= Nerusii =

Ligurian tribe

The Nerusii were a Ligurian tribe living in the Alpes Maritimae during the Iron Age.

== Name ==
They are mentioned as Nerusi by Pliny (1st c. AD).

Patrizia de Bernardo Stempel has proposed to interpret the name as Ner-usii ('the manly ones'), from the Proto-Indo-European root *ner- ('man').

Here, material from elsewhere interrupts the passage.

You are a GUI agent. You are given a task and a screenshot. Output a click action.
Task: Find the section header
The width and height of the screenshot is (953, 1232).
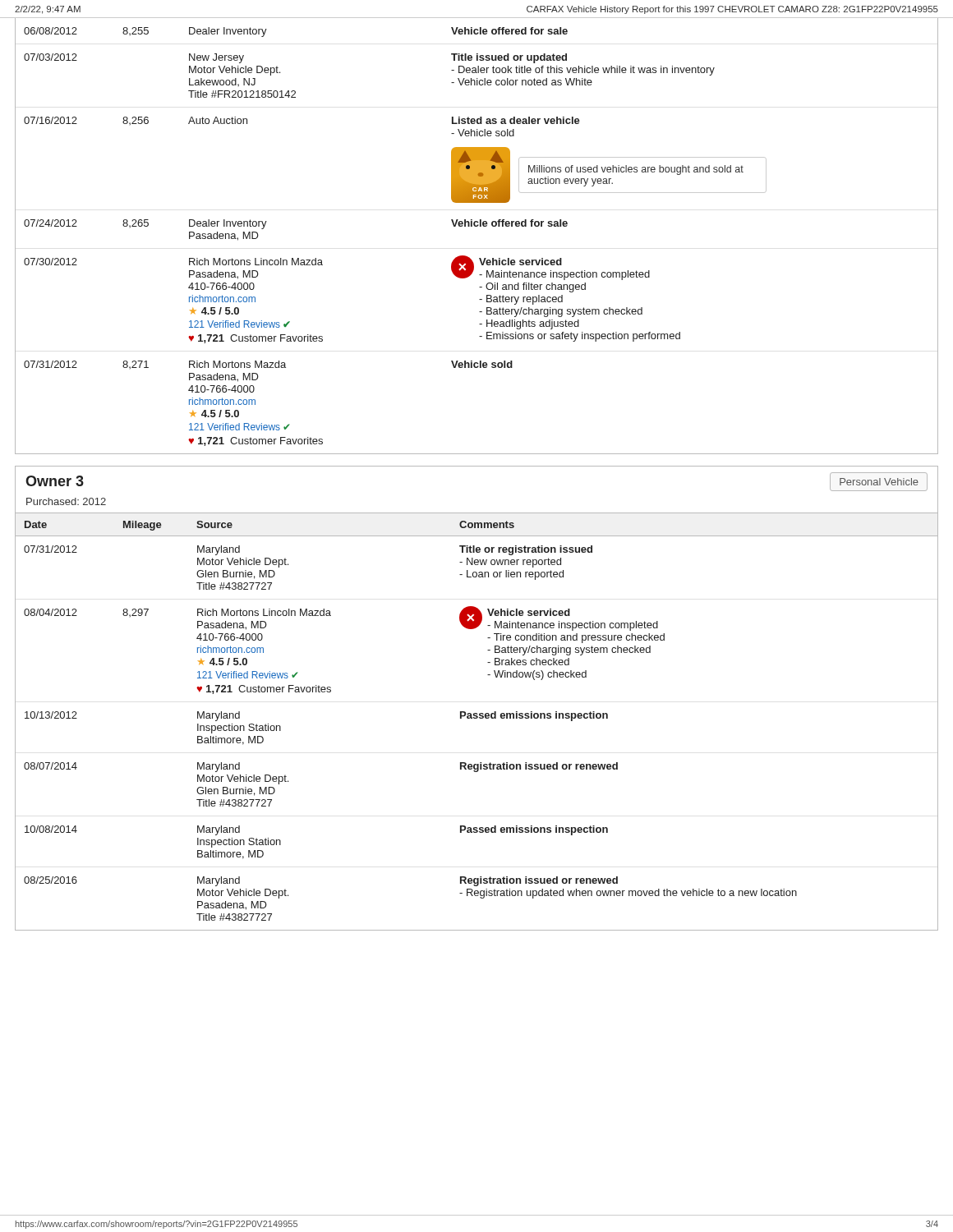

The anthroponym Nerusius is attested at Magliano and at Rusellae (CIL XI 2619). The ethnonym has also been compared with the deity Nerius of Néris-les-Bains (Allier).

== Geography ==
The Nerusii appear near the end of the list of tribes on the Tropaeum Alpium, before the Velaunii and the Suetrii, without any precise geographical indication. Ptolemy, however, assigns their chief town as Vintium (Vence), which effectively defines the territory attributed to them as the area that later formed the civitas and then the diocese of Vence. The former boundaries of the diocese are well established: to the east it followed the Var from its mouth to its junction with the Estéron; to the west the Loup, up to its source on the Audibergue mountain; and to the north it ran along the crests of the Thorenc and the Cheiron mountains. These early medieval limits already corresponded to those of the civitas Vintiensium in the Roman period and, earlier, of the territory of the Nerusii.

== History ==
They are mentioned by Pliny the Elder as one of the Alpine tribes conquered by Rome in 16–15 BC, and whose name was engraved on the Tropaeum Alpium.